Recently, Light Detection and Ranging (LiDAR) has gained prominence in robotics and autonomous driving for capturing precise environmental geometry, essential for simultaneous localisation and mapping (SLAM) and navigation. However, storing and updating large-scale high-definition maps presents significant challenges, making the development of memory-efficient, updatable, and localisable map representations crucial for advancing SLAM systems in dynamic environments. In this thesis, we present a series of advancements in LiDAR-based SLAM systems aimed at achieving memory-efficient representation, continuous reconstruction, and global mapping. The term continuous reconstruction refers to a continuous function that allows sampling 3D points at any resolution.

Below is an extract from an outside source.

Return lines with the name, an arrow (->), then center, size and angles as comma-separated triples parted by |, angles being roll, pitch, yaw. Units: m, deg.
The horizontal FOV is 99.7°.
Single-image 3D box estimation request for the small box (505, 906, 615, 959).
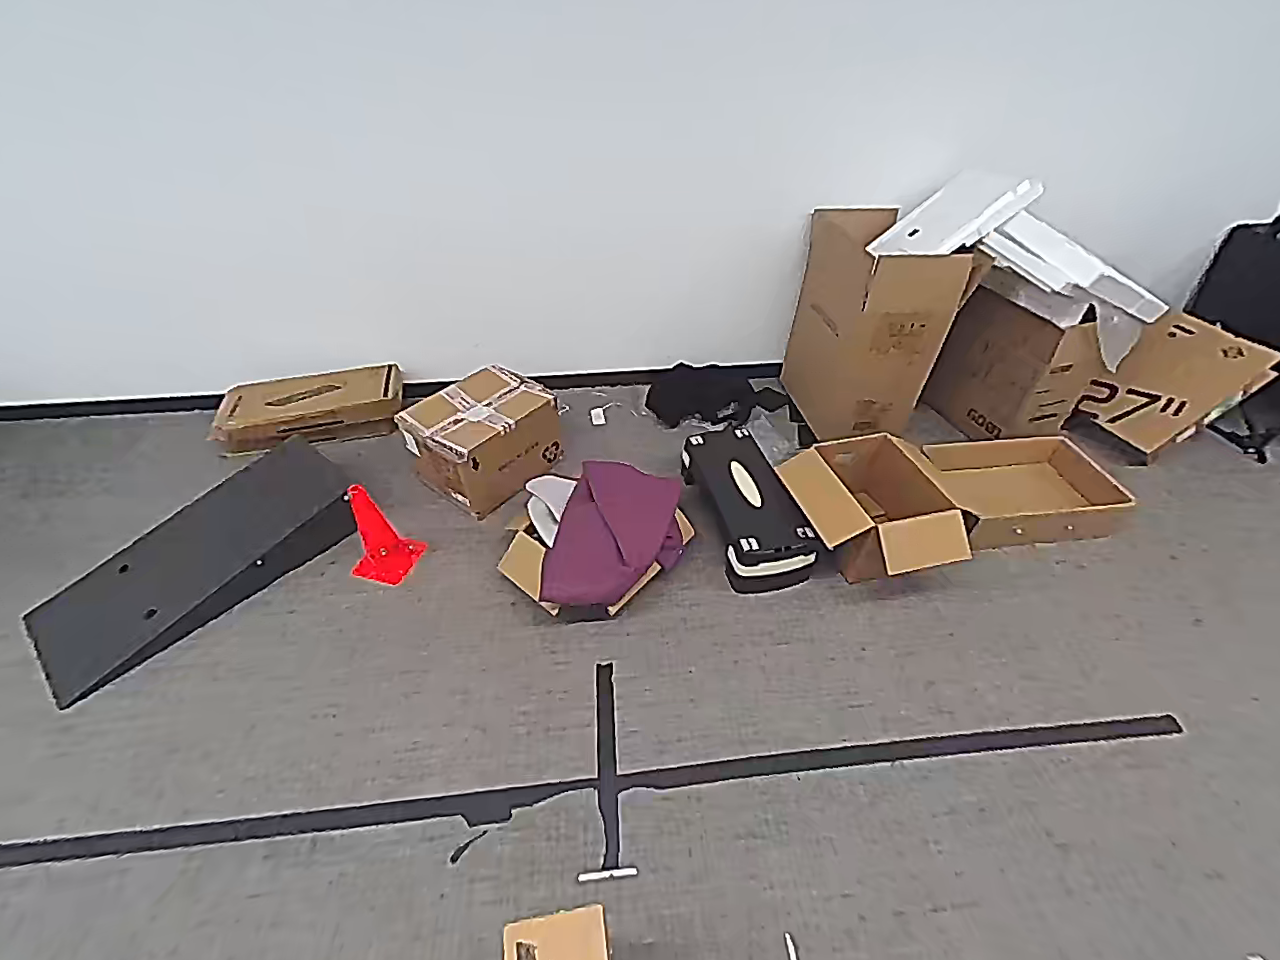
small box -> -0.131, 0.872, 0.935 | 0.179, 0.176, 0.168 | -7, 43, -7

We firstly introduce CURL (Continuous, Ultra-compact Representation for LiDAR), which leverages spherical harmonics (SPHARM) basis functions to encode point clouds, achieving effective compression and continuous reconstruction while outperforming contemporary deep learning methods. Building on this foundation, we propose CURL-MAP, an extension of CURL for mapping with pose estimation capabilities, utilising a set of bounding boxes containing SPHARM-encoded patches to construct a global map. To build a globally consistent map, we develop CURL-SLAM, which contains a customised CURL-based bundle adjustment (BA) with pose graph to ensure global consistency, even in large-scale scenarios and further increase the efficiency of the system by replacing quasi-conformal mapping with a mask-based method for identifying valid regions. These modifications reduce computational requirements and storage space, facilitating the integration of all newly observed patches and enhancing system robustness. Overall, CURL, CURL-MAP, and CURL-SLAM collectively offer a memory-efficient, updatable, and localisable 3D dense map representation, supporting continuous reconstruction for robust SLAM applications.